= Breast enlargement supplement =

Herbal supplements claiming, without evidence, to enlarge breasts

Breast enlargement supplements are frequently portrayed as being a natural means to increase breast size, and with the suggestion that they are free from risk. The popularity of breast enlargement supplements stems from their heavy promotion toward women. Though there has been historical folklore about using herbs for breast enlargement, there is no scientific evidence to support the effectiveness of any breast enlargement supplement. At times, testimonials by companies have been faked.

In the United States, both the Federal Trade Commission and the Food and Drug Administration have taken action against the manufacturers of these products for fraudulent practices. The Mayo Clinic advises that there may be serious drug interactions with their use.

==Types and ingredients==
Products typically contain a variety of ingredients of plant or fungal origin. The compounds claimed to be pharmacologically active are typically estrogen mimics (called xenoestrogens; specifically known as phytoestrogens in plants and mycoestrogens in fungi).

Commonly used ingredients include:
- Barley
- Black cohosh
- Dong quai
- Fennel
- Fenugreek
- Hops
- Kava
- Oats
- Pueraria mirifica
- Zearalenone

==Efficacy and safety==
There is inadequate scientific study whether herbal breast enlargement can be safely achieved. It is unlikely that any of the common ingredients would be efficacious. No randomized, blinded and fully controlled tests has been performed to test any breast enhancement product. Most supplement ingredients do not have significant adverse effects, but some ingredients are potentially dangerous for consumption or use.

In the United States, herbal products are normally sold under "generally recognized as safe" (GRAS) rules and are not approved for any indication.

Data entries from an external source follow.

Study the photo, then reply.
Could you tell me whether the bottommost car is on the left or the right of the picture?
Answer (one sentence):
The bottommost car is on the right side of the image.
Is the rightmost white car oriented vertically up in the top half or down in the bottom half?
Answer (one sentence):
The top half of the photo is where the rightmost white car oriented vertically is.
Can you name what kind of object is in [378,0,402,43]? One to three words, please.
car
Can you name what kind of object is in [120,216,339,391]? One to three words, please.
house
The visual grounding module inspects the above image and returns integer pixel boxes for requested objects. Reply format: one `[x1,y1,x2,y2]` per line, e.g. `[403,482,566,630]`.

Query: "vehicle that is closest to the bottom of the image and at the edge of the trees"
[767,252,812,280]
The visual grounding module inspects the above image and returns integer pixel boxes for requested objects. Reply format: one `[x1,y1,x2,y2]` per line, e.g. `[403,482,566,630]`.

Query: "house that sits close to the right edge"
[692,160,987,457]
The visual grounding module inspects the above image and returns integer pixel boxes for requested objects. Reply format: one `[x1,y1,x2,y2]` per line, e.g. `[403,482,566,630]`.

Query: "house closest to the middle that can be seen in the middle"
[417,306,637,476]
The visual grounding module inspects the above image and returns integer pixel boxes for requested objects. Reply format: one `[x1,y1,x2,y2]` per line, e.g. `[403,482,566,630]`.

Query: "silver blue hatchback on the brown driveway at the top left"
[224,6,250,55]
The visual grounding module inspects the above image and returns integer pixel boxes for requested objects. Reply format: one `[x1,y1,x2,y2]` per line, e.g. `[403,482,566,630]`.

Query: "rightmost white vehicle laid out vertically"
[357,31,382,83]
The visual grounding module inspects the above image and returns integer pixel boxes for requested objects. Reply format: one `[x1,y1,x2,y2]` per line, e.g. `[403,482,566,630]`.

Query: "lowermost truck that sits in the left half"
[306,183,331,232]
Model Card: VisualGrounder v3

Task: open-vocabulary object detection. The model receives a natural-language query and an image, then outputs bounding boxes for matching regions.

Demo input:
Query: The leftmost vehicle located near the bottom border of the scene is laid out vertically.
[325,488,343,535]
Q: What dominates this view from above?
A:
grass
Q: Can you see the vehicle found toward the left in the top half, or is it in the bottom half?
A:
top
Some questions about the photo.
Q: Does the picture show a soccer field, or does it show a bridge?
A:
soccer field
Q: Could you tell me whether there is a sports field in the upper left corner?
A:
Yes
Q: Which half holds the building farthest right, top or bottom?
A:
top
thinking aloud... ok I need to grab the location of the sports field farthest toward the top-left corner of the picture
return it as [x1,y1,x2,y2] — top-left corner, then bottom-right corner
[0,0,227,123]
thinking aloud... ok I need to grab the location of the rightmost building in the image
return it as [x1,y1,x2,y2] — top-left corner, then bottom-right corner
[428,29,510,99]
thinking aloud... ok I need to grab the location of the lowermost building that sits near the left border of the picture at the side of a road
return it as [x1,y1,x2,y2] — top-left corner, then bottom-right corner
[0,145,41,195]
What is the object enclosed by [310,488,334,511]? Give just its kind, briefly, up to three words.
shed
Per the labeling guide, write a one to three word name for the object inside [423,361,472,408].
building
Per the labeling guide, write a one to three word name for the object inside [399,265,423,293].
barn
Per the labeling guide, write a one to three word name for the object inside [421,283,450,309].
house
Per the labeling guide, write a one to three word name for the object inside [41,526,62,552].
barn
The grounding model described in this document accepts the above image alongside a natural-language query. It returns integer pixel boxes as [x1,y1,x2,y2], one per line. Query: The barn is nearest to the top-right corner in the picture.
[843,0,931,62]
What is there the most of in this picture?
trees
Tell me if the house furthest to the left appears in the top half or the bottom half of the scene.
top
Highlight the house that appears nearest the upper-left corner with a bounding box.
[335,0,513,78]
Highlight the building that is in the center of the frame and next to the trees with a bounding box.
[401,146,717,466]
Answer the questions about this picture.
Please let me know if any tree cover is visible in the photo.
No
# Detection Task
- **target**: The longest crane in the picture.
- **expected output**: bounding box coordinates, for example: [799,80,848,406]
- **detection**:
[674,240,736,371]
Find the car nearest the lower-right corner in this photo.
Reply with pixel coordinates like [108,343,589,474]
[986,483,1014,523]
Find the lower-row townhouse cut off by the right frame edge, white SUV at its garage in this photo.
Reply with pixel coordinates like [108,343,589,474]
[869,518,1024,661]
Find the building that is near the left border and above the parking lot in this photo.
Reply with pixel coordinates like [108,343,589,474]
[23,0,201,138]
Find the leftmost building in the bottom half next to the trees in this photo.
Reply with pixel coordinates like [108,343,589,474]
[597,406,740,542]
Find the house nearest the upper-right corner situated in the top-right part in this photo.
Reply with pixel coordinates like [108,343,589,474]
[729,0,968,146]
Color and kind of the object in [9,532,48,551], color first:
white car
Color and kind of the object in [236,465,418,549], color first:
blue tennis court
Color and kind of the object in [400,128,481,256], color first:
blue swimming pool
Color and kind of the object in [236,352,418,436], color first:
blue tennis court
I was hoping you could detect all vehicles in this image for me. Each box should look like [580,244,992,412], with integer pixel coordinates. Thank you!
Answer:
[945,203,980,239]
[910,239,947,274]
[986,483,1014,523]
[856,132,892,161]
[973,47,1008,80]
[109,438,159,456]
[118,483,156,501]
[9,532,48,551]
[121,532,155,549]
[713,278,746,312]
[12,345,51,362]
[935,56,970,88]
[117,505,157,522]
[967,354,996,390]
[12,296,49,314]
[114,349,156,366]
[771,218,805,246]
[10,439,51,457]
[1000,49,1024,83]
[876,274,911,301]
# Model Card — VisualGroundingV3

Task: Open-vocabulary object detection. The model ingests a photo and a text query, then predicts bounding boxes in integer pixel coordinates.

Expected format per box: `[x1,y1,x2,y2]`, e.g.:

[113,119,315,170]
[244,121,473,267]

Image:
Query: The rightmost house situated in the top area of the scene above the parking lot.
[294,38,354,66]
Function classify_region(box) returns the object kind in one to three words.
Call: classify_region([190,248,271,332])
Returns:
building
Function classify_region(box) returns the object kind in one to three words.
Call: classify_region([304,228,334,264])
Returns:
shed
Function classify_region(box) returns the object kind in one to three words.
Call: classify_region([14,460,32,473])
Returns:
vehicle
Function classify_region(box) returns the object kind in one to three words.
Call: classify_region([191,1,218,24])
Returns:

Some naturally occurring compounds produced by plants and fungi can carry serious health risks.
- One potential risk is an increased chance of breast cancer.
- Some of the ingredients included in supplements are carcinogenic, including don quai.
- By altering the body's hormonal levels, certain ingredients, including zearalenone, may reduce fertility.
- One ingredient, kava, may cause liver damage.
- Black cohosh has been shown to have no estrogenic effect in vivo or in vitro.
- Hops contains estrogen-like compounds, called prenylflavonoids, the most potent of which is 8-prenylnaringenin. Hops' effect on fertility lacks research. Prenylflavonoids from hops have anticancer properties.
- Zearalenone and its derivatives are a class of xenoestrogens associated with many herbal bust enhancement products. There have been some claims that zearalenone can increase the size of breasts in humans, but there are no tests of efficacy or safety. Zearalenone, produced by a toxic fungus, is a mycoestrogen that stimulates the growth of breast cancer cells, increases the chance of estrogen dependent breast cancer, and may reduce fertility. Other supplements are unlikely to have been spoiled with the mould.

Indirect assay tests of the product Erdic (also known as Bust out) on the uterus of rodents, by measuring the amount of estrogen present, showed no difference from the control. Preliminary findings in 2001, in mice, suggested that hops-based products would be ineffective. Another test, of a hops ingredient on mice showed weak effects for high dosages. Diosgenin, which is present in fenugreek and wild yam, affected maturation, but that wasn't enough evidence for this indication.

Some medications have been involved in breast enlargement as a side effect.